I began with the basic shape of the earrings. These are tapered, so each of the four spirals I planned would have to be of graduated sizes. I chose four spirals for this earring because they would fit well – if the earring was shorter, then three would have been more appropriate, and if longer, then five or six. This is the first bit of artistic judgement I had to use…

Fine_English_Scroll_Earrings_Tutorial_2
Next, I placed a border inside the earring outlines. Sometimes I’ll cut the border, but this time I’m only using it for planning purposes – I want some space to remain outside the scrolls. That is artistic judgment number two… Then, I sketched in the spiral backbones. The one at the top I chose for the starting element, so it is the only one that is different since it contains the scroll origin (I think of it as the seed). Then I inked in the scroll backbones.

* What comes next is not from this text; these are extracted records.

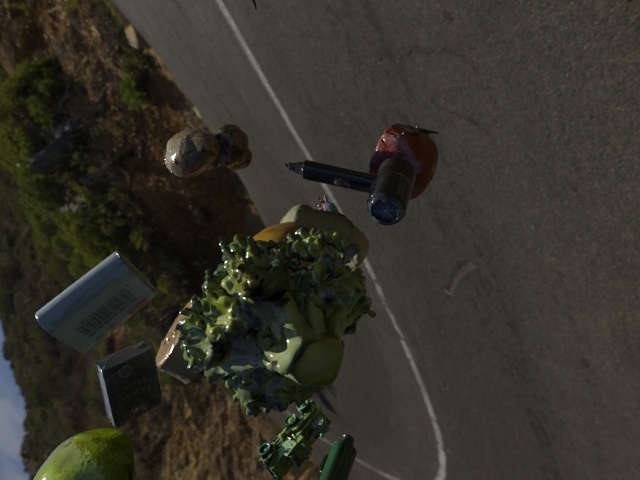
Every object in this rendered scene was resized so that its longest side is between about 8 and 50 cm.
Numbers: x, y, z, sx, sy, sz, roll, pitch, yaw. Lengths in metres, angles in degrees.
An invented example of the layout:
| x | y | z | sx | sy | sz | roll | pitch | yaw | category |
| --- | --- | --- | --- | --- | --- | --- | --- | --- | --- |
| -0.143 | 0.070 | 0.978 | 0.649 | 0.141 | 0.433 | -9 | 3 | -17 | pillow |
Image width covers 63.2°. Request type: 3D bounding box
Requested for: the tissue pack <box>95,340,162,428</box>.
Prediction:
| x | y | z | sx | sy | sz | roll | pitch | yaw | category |
| --- | --- | --- | --- | --- | --- | --- | --- | --- | --- |
| -0.398 | 0.301 | 1.091 | 0.051 | 0.112 | 0.156 | 26 | 126 | 40 | tissue pack |

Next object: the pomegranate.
| x | y | z | sx | sy | sz | roll | pitch | yaw | category |
| --- | --- | --- | --- | --- | --- | --- | --- | --- | --- |
| -0.095 | 0.080 | 1.482 | 0.307 | 0.307 | 0.307 | 42 | 161 | 19 | pomegranate |

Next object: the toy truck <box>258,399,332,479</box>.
| x | y | z | sx | sy | sz | roll | pitch | yaw | category |
| --- | --- | --- | --- | --- | --- | --- | --- | --- | --- |
| -0.073 | 0.661 | 1.703 | 0.135 | 0.259 | 0.128 | 13 | 140 | 58 | toy truck |

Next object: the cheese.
| x | y | z | sx | sy | sz | roll | pitch | yaw | category |
| --- | --- | --- | --- | --- | --- | --- | --- | --- | --- |
| 0.000 | 0.000 | 1.778 | 0.318 | 0.115 | 0.326 | -2 | 151 | 30 | cheese |

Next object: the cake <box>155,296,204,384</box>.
| x | y | z | sx | sy | sz | roll | pitch | yaw | category |
| --- | --- | --- | --- | --- | --- | --- | --- | --- | --- |
| -0.430 | 0.419 | 2.020 | 0.321 | 0.332 | 0.332 | 31 | 167 | -17 | cake |

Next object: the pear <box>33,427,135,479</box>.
| x | y | z | sx | sy | sz | roll | pitch | yaw | category |
| --- | --- | --- | --- | --- | --- | --- | --- | --- | --- |
| -0.465 | 0.498 | 1.016 | 0.139 | 0.239 | 0.288 | 32 | -139 | -42 | pear |

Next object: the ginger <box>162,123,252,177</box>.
| x | y | z | sx | sy | sz | roll | pitch | yaw | category |
| --- | --- | --- | --- | --- | --- | --- | --- | --- | --- |
| -0.345 | -0.291 | 1.699 | 0.244 | 0.304 | 0.155 | -28 | 73 | 54 | ginger |

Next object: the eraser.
| x | y | z | sx | sy | sz | roll | pitch | yaw | category |
| --- | --- | --- | --- | --- | --- | --- | --- | --- | --- |
| -0.526 | 0.149 | 1.246 | 0.081 | 0.227 | 0.174 | 42 | 168 | 42 | eraser |

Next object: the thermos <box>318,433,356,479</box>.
| x | y | z | sx | sy | sz | roll | pitch | yaw | category |
| --- | --- | --- | --- | --- | --- | --- | --- | --- | --- |
| 0.043 | 0.591 | 1.345 | 0.073 | 0.187 | 0.083 | 33 | 128 | 1 | thermos |

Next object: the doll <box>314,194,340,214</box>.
| x | y | z | sx | sy | sz | roll | pitch | yaw | category |
| --- | --- | --- | --- | --- | --- | --- | --- | --- | --- |
| 0.030 | -0.118 | 1.850 | 0.114 | 0.057 | 0.039 | 32 | 164 | 26 | doll |

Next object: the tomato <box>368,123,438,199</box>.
| x | y | z | sx | sy | sz | roll | pitch | yaw | category |
| --- | --- | --- | --- | --- | --- | --- | --- | --- | --- |
| 0.305 | -0.242 | 1.765 | 0.170 | 0.309 | 0.309 | 36 | 158 | 39 | tomato |

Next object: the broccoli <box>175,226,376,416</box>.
| x | y | z | sx | sy | sz | roll | pitch | yaw | category |
| --- | --- | --- | --- | --- | --- | --- | --- | --- | --- |
| -0.062 | 0.136 | 0.903 | 0.334 | 0.324 | 0.272 | 37 | 147 | -31 | broccoli |

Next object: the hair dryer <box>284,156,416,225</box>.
| x | y | z | sx | sy | sz | roll | pitch | yaw | category |
| --- | --- | --- | --- | --- | --- | --- | --- | --- | --- |
| 0.065 | -0.152 | 1.378 | 0.352 | 0.189 | 0.107 | 12 | 132 | 10 | hair dryer |

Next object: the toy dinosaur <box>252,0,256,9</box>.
| x | y | z | sx | sy | sz | roll | pitch | yaw | category |
| --- | --- | --- | --- | --- | --- | --- | --- | --- | --- |
| -0.177 | -0.655 | 1.267 | 0.126 | 0.039 | 0.162 | -17 | 138 | 42 | toy dinosaur |
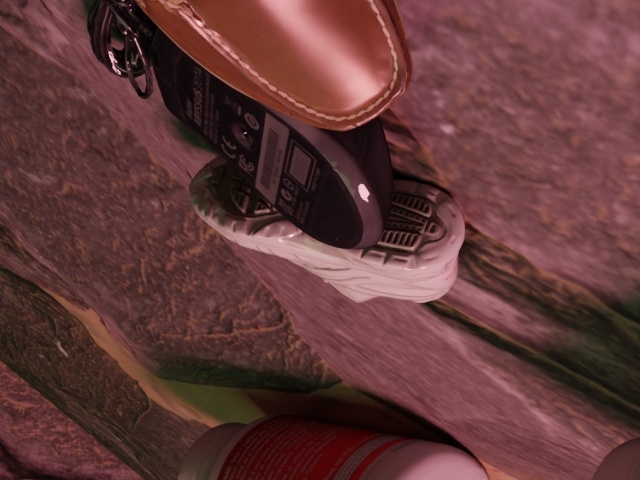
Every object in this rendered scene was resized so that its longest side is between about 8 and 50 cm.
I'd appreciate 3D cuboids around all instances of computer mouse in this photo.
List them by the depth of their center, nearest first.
[{"bbox_3d":[-0.044,-0.109,0.541,0.272,0.072,0.188,44,155,7],"label":"computer mouse"}]

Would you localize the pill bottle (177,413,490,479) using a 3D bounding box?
[{"bbox_3d":[-0.001,0.342,1.027,0.408,0.229,0.229,-2,136,48],"label":"pill bottle"}]

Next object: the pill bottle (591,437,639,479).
[{"bbox_3d":[0.321,0.174,0.473,0.188,0.188,0.334,38,152,-9],"label":"pill bottle"}]

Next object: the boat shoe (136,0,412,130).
[{"bbox_3d":[-0.075,-0.168,0.373,0.123,0.116,0.324,-41,111,15],"label":"boat shoe"}]

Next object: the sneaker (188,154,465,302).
[{"bbox_3d":[0.000,0.000,0.639,0.232,0.090,0.115,20,153,25],"label":"sneaker"}]
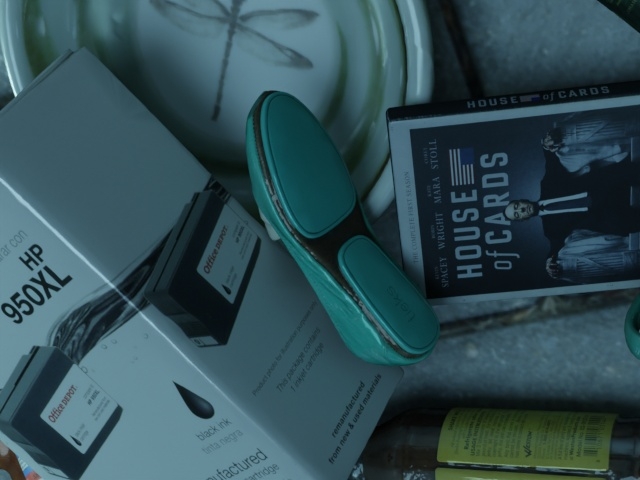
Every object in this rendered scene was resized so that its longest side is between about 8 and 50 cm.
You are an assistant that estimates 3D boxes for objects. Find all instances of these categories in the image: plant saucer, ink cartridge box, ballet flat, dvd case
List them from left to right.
[{"bbox_3d":[-0.175,0.077,1.008,0.395,0.166,0.285,46,133,-11],"label":"ink cartridge box"},{"bbox_3d":[-0.083,-0.168,1.000,0.400,0.100,0.401,10,116,20],"label":"plant saucer"},{"bbox_3d":[0.000,0.000,0.937,0.247,0.083,0.087,57,143,-3],"label":"ballet flat"},{"bbox_3d":[0.179,-0.035,0.924,0.238,0.030,0.179,-6,123,4],"label":"dvd case"}]

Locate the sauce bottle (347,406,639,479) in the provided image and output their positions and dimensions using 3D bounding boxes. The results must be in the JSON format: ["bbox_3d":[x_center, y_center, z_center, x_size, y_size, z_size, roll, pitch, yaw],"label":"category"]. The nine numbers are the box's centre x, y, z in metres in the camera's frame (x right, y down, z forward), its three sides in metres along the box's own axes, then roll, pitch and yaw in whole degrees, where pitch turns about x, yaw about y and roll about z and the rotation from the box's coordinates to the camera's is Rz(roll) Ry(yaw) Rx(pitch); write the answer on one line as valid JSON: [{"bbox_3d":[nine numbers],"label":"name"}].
[{"bbox_3d":[0.136,0.205,1.067,0.344,0.111,0.111,0,113,25],"label":"sauce bottle"}]

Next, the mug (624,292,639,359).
[{"bbox_3d":[0.313,0.031,0.891,0.157,0.097,0.130,9,118,-19],"label":"mug"}]

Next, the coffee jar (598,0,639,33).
[{"bbox_3d":[0.228,-0.212,0.853,0.184,0.079,0.096,35,125,5],"label":"coffee jar"}]

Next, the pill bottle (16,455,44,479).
[{"bbox_3d":[-0.275,0.138,1.189,0.124,0.124,0.222,-34,77,32],"label":"pill bottle"}]

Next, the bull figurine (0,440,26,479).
[{"bbox_3d":[-0.276,0.286,1.292,0.310,0.101,0.188,47,129,4],"label":"bull figurine"}]
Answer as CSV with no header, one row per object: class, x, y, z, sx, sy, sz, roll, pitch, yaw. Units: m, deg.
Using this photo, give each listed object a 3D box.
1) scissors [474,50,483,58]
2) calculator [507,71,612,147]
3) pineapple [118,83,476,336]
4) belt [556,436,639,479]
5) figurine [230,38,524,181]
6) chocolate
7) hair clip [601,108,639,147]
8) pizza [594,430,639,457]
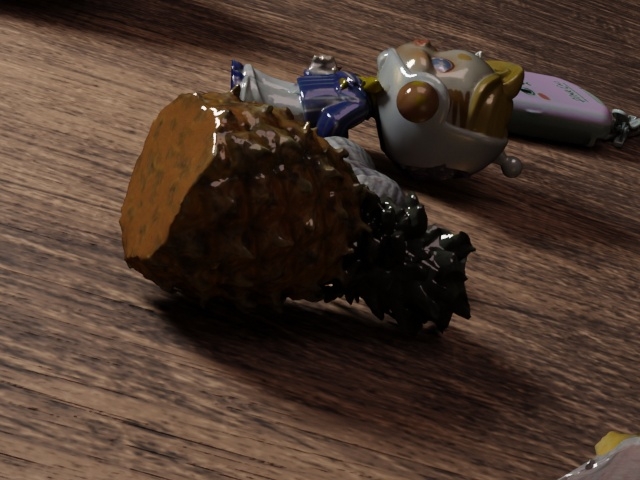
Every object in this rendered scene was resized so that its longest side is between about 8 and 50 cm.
scissors,0.124,-0.155,1.861,0.085,0.022,0.176,13,-19,-16
calculator,0.205,-0.154,2.031,0.246,0.045,0.141,7,22,-24
pineapple,0.000,0.000,1.331,0.278,0.158,0.158,22,17,-25
belt,0.202,0.189,0.992,0.201,0.128,0.124,22,20,18
figurine,0.052,-0.121,1.713,0.274,0.133,0.194,-4,15,-26
chocolate,0.027,-0.035,1.528,0.072,0.072,0.167,9,19,-21
hair clip,0.353,-0.135,2.114,0.030,0.039,0.115,30,20,17
pizza,0.332,0.189,1.186,0.297,0.071,0.189,13,20,-14

Also note the direction each of the spirals takes as it leaves (grows from…) the previous one, each spiral being in the opposite direction from the previous, just as plants grow – you seldom see a branch grow the other direction, and then it looks really weird.

Fine_English_Scroll_Earrings_Tutorial_3
Above is the actual pattern

koupit-pilulky.com

, ready for transfer. Note that I’ve removed the border – had I left it in, I might cut it in a moment of inattention. Best not to leave things to chance – no battle plan ever survived contact with the enemy…I have met the enemy, and he is me…

Fine_English_Scroll_Earrings_Tutorial_4
Here’s a little hint that took me a great deal of time to figure out: Most modern engraved spirals have one and a half turns! (See the blue line) I always tended to put too many turns in, then had difficulty filling them. This is a case where less is probably more…

Also, note that I have a knee in each of the four spirals (the red arrow) – I used a scribe to correct the transfers under the microscope. Even those corrections weren’t the greatest – it’s much easier to cut a smooth curve than it is to draw one, so I really just corrected them on the fly during cutting. Artistic judgement number three.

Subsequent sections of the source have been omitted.